- Required work
Pictures are not part of the copy. Reproduce all the records exactly.

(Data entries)
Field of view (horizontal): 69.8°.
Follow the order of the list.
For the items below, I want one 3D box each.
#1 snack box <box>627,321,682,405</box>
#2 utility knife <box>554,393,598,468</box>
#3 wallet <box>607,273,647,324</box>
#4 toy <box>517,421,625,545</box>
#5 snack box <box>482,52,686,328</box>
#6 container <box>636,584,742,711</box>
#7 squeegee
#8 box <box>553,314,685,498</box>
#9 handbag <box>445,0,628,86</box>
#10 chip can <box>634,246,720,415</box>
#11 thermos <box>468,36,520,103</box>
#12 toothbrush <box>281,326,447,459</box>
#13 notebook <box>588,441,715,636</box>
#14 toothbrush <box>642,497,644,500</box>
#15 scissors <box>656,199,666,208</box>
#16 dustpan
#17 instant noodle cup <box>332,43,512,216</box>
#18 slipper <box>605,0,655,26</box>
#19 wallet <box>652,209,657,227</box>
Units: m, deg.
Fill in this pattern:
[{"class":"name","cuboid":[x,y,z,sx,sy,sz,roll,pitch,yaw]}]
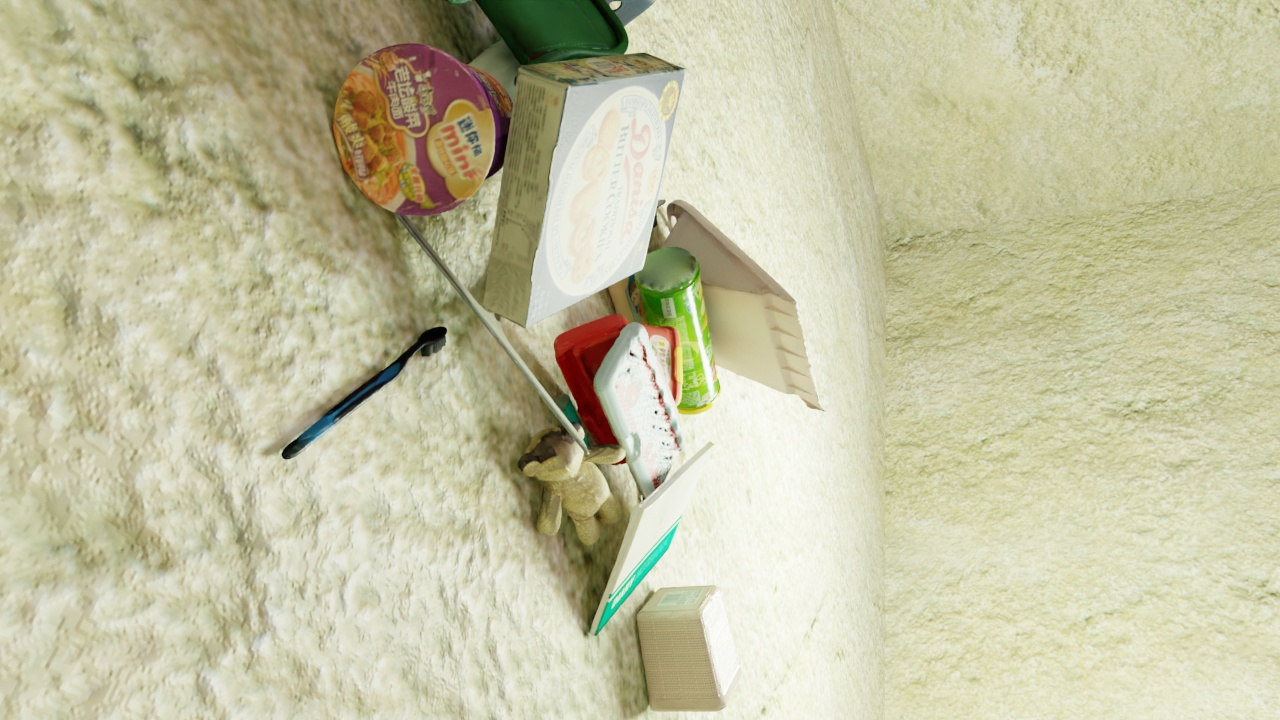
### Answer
[{"class":"snack box","cuboid":[-0.006,0.006,0.967,0.080,0.082,0.091,16,69,-52]},{"class":"utility knife","cuboid":[-0.057,0.092,0.899,0.029,0.013,0.161,-66,147,-46]},{"class":"wallet","cuboid":[-0.011,-0.082,1.041,0.087,0.024,0.115,-60,139,-48]},{"class":"toy","cuboid":[-0.058,0.115,0.838,0.105,0.066,0.157,-39,139,-13]},{"class":"snack box","cuboid":[-0.040,-0.136,0.705,0.182,0.046,0.178,-34,144,-54]},{"class":"container","cuboid":[0.052,0.314,1.013,0.090,0.090,0.111,-27,107,-66]},{"class":"squeegee","cuboid":[-0.103,-0.075,0.794,0.246,0.039,0.245,54,27,-22]},{"class":"box","cuboid":[-0.008,0.053,0.870,0.201,0.094,0.091,69,1,-48]},{"class":"handbag","cuboid":[-0.084,-0.266,0.722,0.119,0.068,0.131,-29,83,-46]},{"class":"chip can","cuboid":[0.045,-0.031,1.049,0.221,0.073,0.072,75,21,-48]},{"class":"thermos","cuboid":[-0.108,-0.247,0.787,0.223,0.073,0.073,-67,144,-50]},{"class":"toothbrush","cuboid":[-0.178,0.019,0.616,0.189,0.014,0.016,-54,157,-58]},{"class":"notebook","cuboid":[0.015,0.177,0.952,0.208,0.012,0.151,-30,143,-64]},{"class":"toothbrush","cuboid":[0.007,0.143,1.038,0.014,0.017,0.189,-1,88,-68]},{"class":"scissors","cuboid":[-0.006,-0.153,1.024,0.173,0.012,0.128,2,69,-51]},{"class":"dustpan","cuboid":[0.121,-0.088,1.121,0.138,0.274,0.223,-57,149,-23]},{"class":"instant noodle cup","cuboid":[-0.140,-0.164,0.642,0.099,0.112,0.111,-60,140,-68]},{"class":"slipper","cuboid":[-0.026,-0.370,0.856,0.268,0.083,0.110,129,-48,-80]},{"class":"wallet","cuboid":[-0.005,-0.218,1.095,0.120,0.019,0.097,16,72,-68]}]

- Written response
Field of view (horizontal): 69.8°.
Follow the order of the list.
For the items below, I want one 3D box each.
#1 snack box <box>627,321,682,405</box>
#2 utility knife <box>554,393,598,468</box>
#3 wallet <box>607,273,647,324</box>
#4 toy <box>517,421,625,545</box>
#5 snack box <box>482,52,686,328</box>
#6 container <box>636,584,742,711</box>
#7 squeegee
#8 box <box>553,314,685,498</box>
#9 handbag <box>445,0,628,86</box>
#10 chip can <box>634,246,720,415</box>
#11 thermos <box>468,36,520,103</box>
#12 toothbrush <box>281,326,447,459</box>
#13 notebook <box>588,441,715,636</box>
#14 toothbrush <box>642,497,644,500</box>
#15 scissors <box>656,199,666,208</box>
#16 dustpan
#17 instant noodle cup <box>332,43,512,216</box>
#18 slipper <box>605,0,655,26</box>
#19 wallet <box>652,209,657,227</box>
Units: m, deg.
Fill in this pattern:
[{"class":"name","cuboid":[x,y,z,sx,sy,sz,roll,pitch,yaw]}]
### Answer
[{"class":"snack box","cuboid":[-0.006,0.006,0.967,0.080,0.082,0.091,16,69,-52]},{"class":"utility knife","cuboid":[-0.057,0.092,0.899,0.029,0.013,0.161,-66,147,-46]},{"class":"wallet","cuboid":[-0.011,-0.082,1.041,0.087,0.024,0.115,-60,139,-48]},{"class":"toy","cuboid":[-0.058,0.115,0.838,0.105,0.066,0.157,-39,139,-13]},{"class":"snack box","cuboid":[-0.040,-0.136,0.705,0.182,0.046,0.178,-34,144,-54]},{"class":"container","cuboid":[0.052,0.314,1.013,0.090,0.090,0.111,-27,107,-66]},{"class":"squeegee","cuboid":[-0.103,-0.075,0.794,0.246,0.039,0.245,54,27,-22]},{"class":"box","cuboid":[-0.008,0.053,0.870,0.201,0.094,0.091,69,1,-48]},{"class":"handbag","cuboid":[-0.084,-0.266,0.722,0.119,0.068,0.131,-29,83,-46]},{"class":"chip can","cuboid":[0.045,-0.031,1.049,0.221,0.073,0.072,75,21,-48]},{"class":"thermos","cuboid":[-0.108,-0.247,0.787,0.223,0.073,0.073,-67,144,-50]},{"class":"toothbrush","cuboid":[-0.178,0.019,0.616,0.189,0.014,0.016,-54,157,-58]},{"class":"notebook","cuboid":[0.015,0.177,0.952,0.208,0.012,0.151,-30,143,-64]},{"class":"toothbrush","cuboid":[0.007,0.143,1.038,0.014,0.017,0.189,-1,88,-68]},{"class":"scissors","cuboid":[-0.006,-0.153,1.024,0.173,0.012,0.128,2,69,-51]},{"class":"dustpan","cuboid":[0.121,-0.088,1.121,0.138,0.274,0.223,-57,149,-23]},{"class":"instant noodle cup","cuboid":[-0.140,-0.164,0.642,0.099,0.112,0.111,-60,140,-68]},{"class":"slipper","cuboid":[-0.026,-0.370,0.856,0.268,0.083,0.110,129,-48,-80]},{"class":"wallet","cuboid":[-0.005,-0.218,1.095,0.120,0.019,0.097,16,72,-68]}]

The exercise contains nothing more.